Journal: July

30 June (in transit – Seoul)

I read Henry James ‘The Private Life’ which at once made me think of writing a fiction by a Jamesian (i.e. sort of defeated) narrator about a ‘great’ writer, who might be based on Curnow?

Thought of them finding themselves in adjacent business-class seats and not able to avoid talking though both (and especially the great writer) are reluctant. Reflection in the mind of the narrator about modern technology – that the air temp outside would be about minus 50C and the ground speed around 600 MPH and they are sitting in reasonable comfort eating fancy meals and drinking wine. (And the contrast with KM’s travel – not to think of Dickens’.) He probably thinks this but suspects the G.M. would consider it banal.

The James story is about a great painter whose public manner is so wonderful it is like a work of art, but the narrator suspects there is no one behind it – no private personality. And a great writer (based on Browning) whose conversation is so predictable and ordinary the narrator suspects there must be another writerly self who does the wonderful works. He investigates this idea with another member of their group, an actress, and between them they establish the truth of his theory. When the painter is not in company he vanishes – doesn’t exist. And when the writer is being banal and ordinary in company, in his room there is another self that is writing the great work he’s capable of.

4 July

We have arrived in London to find the British political scene in melt-down over the Brexit vote. Cameron who wanted ‘Remain’ [i.e. in the EU] to win has resigned as PM. Boris Johnson who led the ‘Leave’ campaign and is credited with its success now says, a day later, that he won’t stand for PM – though he was confidently expected to replace Cameron. It’s said that though he led the Leave campaign he didn’t expect it to win and is now dismayed that it has. Meanwhile the Labour shadow cabinet have been resigning one by one, asking Jeremy Corbyn to resign, so they can have a new leader with a reasonable chance of winning an election. Nigel Farage, the Ukip leader, who always appears Hitler-style with three or four henchmen just a step or two in the rear, has made a crowing, insulting speech in the European Parliament – ‘When I came here and said I hoped to lead Britain out of Europe, you laughed at me. You’re not laughing now, are you?’ And worse: ‘I know none of you have ever had a proper job or run a business...’

The Scots voted to Remain and now their first Minister is saying there will have to be another referendum on Scottish Independence. The Northern Irish also voted Remain, wanting to keep their open border with the South – so what does that mean for the future of Ireland? The Union of the flag we voted to keep in New Zealand may be breaking up.

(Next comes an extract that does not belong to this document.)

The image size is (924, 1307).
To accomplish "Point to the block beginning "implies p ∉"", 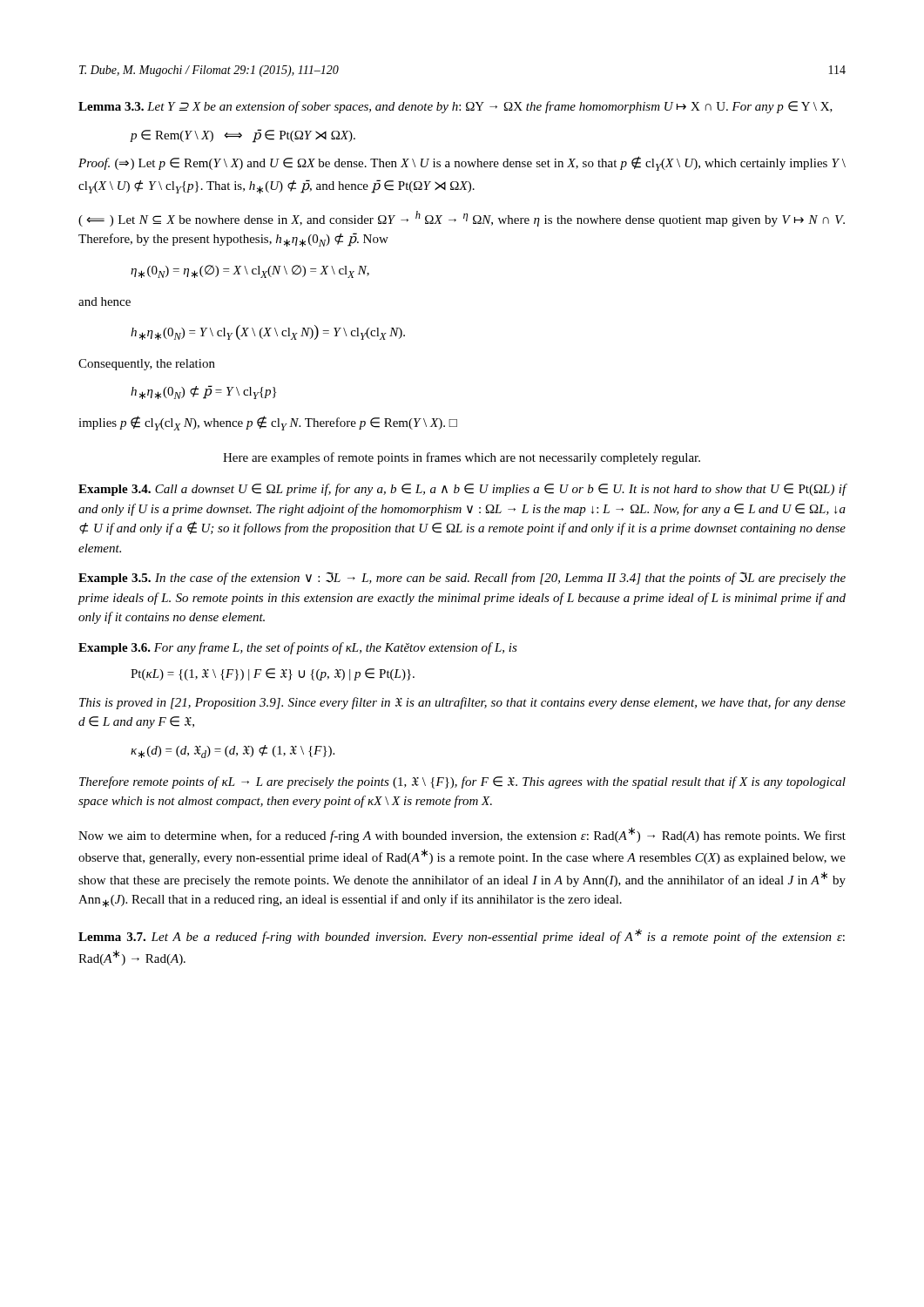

And in the European Cup England was beaten by Iceland, a country of fewer than 1 million people!

6 July

And now Farage has resigned as the leader of Ukip. It’s not clear why. Is he, as Johnson seems to be, dismayed by the fact of the Brexit they’ve brought about, and afraid of taking responsibility for the consequences.

The Tory leadership contest has narrowed to two women and one man, May, Leadsom and Gove, with May the likely winner. Labour is still in disarray, with Corbyn refusing to resign because he believes he still has the support of the Party at large who elected him against the wishes of the majority of MPs.

And meanwhile the centennial of the Battle of the Somme has been marked. Twenty thousand British dead on the first day, and a million on both sides before it was over.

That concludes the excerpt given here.